Crystal: Remove String#codepoint_at

Created on 7 Nov 2019 · 16Comments · Source: crystal-lang/crystal

String#codepoint_at simply delegates to char_at(index).ord. Instead of being a short cut, codepoint_at(index) is actually even longer (by one char) than calling char_at(index).ord directly.
Even if it technically was functioning as a short cut, such a thing only makes sense when it is at least somewhat useful. Currently, I could only find two real usages of this method in markd, while looking all of GitHub's Crystal repositories. All other occurrences seem to be mirrors or re-implementations of the stdlib and a few specs.

I'm suggesting to deprecate and remove this method. It's not good to maintain a short cut that defeats its purpose and isn't really used.

newcomer feature topictext

Source

straight-shoota

👍8

Most helpful comment

I'd rather rename Char#ord to #codepoint then.

straight-shoota on 15 Nov 2019

👍4

All 16 comments

Just my opinion, but I think codepoint is more descriptive than string[index].ord. Doesn't mean we couldn't remove it.

asterite on 15 Nov 2019

I'd rather rename Char#ord to #codepoint then.

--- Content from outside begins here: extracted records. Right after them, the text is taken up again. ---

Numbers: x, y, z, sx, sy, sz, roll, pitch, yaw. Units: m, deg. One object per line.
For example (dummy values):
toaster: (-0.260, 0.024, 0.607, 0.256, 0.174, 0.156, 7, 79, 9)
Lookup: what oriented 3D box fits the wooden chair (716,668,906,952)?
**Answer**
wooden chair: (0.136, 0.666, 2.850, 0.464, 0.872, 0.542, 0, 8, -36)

straight-shoota on 15 Nov 2019

👍4

Yes! We copied that from Ruby. It's not bad because it's short, but it's also cryptic. Then we have 1.chr which is also a bit cryptic, but I don't know.

asterite on 15 Nov 2019

The #codepoint looks much more meaningful. A small cons is with #ord gone one more method would be missing for those of us coming from Ruby.

vlazar on 15 Nov 2019

But it would probably be for good... 🤷‍♂ 😄

straight-shoota on 15 Nov 2019

😄1

Then we have 1.chr which is also a bit cryptic, but I don't know.

So ord / chr for symmetry can be something like codepoint / character (or char)?

vlazar on 15 Nov 2019

👍1

1.to_char and 'a'.codepoint would be what i'd design in a cleanroom. But changing chr -> to_char is not overly worth it.

RX14 on 21 Nov 2019

👍1

@RX14 If it's 1.to_char, why it's not 'a'.to_codepoint then? :)

vlazar on 21 Nov 2019

Because in 'a'.codepoint you are asking the codepoint of a char, but in 1.char you are not asking the char of 1 (that doesn't make sense), you are asking to convert it to a char. But that also doesn't make sense. chr is a bit cryptic but it's the char for a given codepoint, so it might be good. Maybe 1.considering_it_as_a_codepoint_to_char, but it's super verbose :-P

asterite on 21 Nov 2019

👍2

Yeah, good points. Reminds me about to_i vs to_int difference in Ruby.

vlazar on 21 Nov 2019

It's just to_x cause you're converting Int to Char. Char#to_i is defined the same as Char#codepoint.

Except it's not. Char#to_i converts '1' to 1. So why shouldn't 1.to_char return '1' not 'u0001'`? They both operate on only a (tiny) range of their input values!

Doesn't have to be the end of the world, but if someone can make some neat API symmetry here it would be preferable.

RX14 on 21 Nov 2019

👍1

Int#to_codepoint might make sense: Convert the number to a codepoint. And the codepoint is represented as Char.

straight-shoota on 21 Nov 2019

I would suggest maybe:

1.to_s # => "1"
'1'.to_i32 # => 1

1.char # => '\u0001'
'1'.codepoint # => 49

It's because we have Char#bytes. to_ is more like a converting method, which means it contains parsing or human friendly converting instead of low level casting.

wdhwg001 on 24 Nov 2019

@straight-shoota i actually feel Int#as_codepoint works better than #to_codepoint...

RX14 on 29 Nov 2019

@RX14 Yeah, I can follow that.

Regarding the original topic: String also has #each_codepoint and #codepoints methods which essentially just wrap #each_char with #ord. When we remove #codepint_at, we should also consider removing the related collection methods. But they might be more useful and act as actual short cuts. So maybe they should stay? And in turn, this could also extend to #codepoint_at, because they essentially form a family related methods for treating a String as a collection of codepoints.